(Records from a dataset)
>>>>>
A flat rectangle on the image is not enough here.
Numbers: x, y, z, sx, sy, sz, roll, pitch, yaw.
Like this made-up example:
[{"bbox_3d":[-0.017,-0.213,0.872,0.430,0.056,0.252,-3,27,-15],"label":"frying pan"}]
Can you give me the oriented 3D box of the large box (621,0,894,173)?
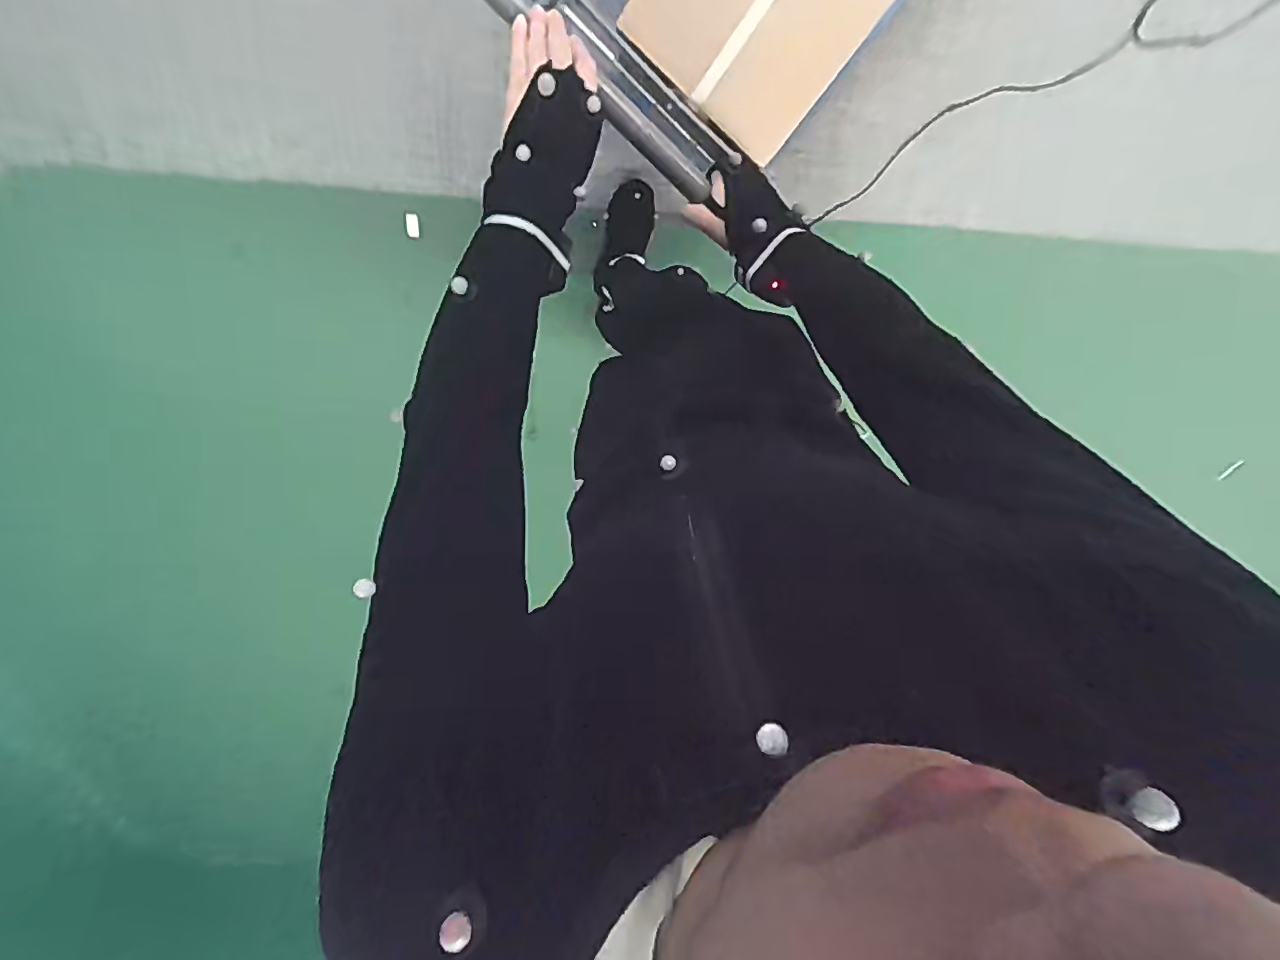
[{"bbox_3d":[0.202,-0.817,0.937,0.320,0.320,0.408,33,115,-20],"label":"large box"}]
<<<<<
WHAT TO PRODUCE => Please retype, exactly and only, the lines from the one holding "Numbers: x, y, z, sx, sy, sz, roll, pitch, yaw." to the end of the entries, both ends included, without any pictures.

RESULT =>
Numbers: x, y, z, sx, sy, sz, roll, pitch, yaw.
Like this made-up example:
[{"bbox_3d":[-0.017,-0.213,0.872,0.430,0.056,0.252,-3,27,-15],"label":"frying pan"}]
Can you give me the oriented 3D box of the large box (621,0,894,173)?
[{"bbox_3d":[0.202,-0.817,0.937,0.320,0.320,0.408,33,115,-20],"label":"large box"}]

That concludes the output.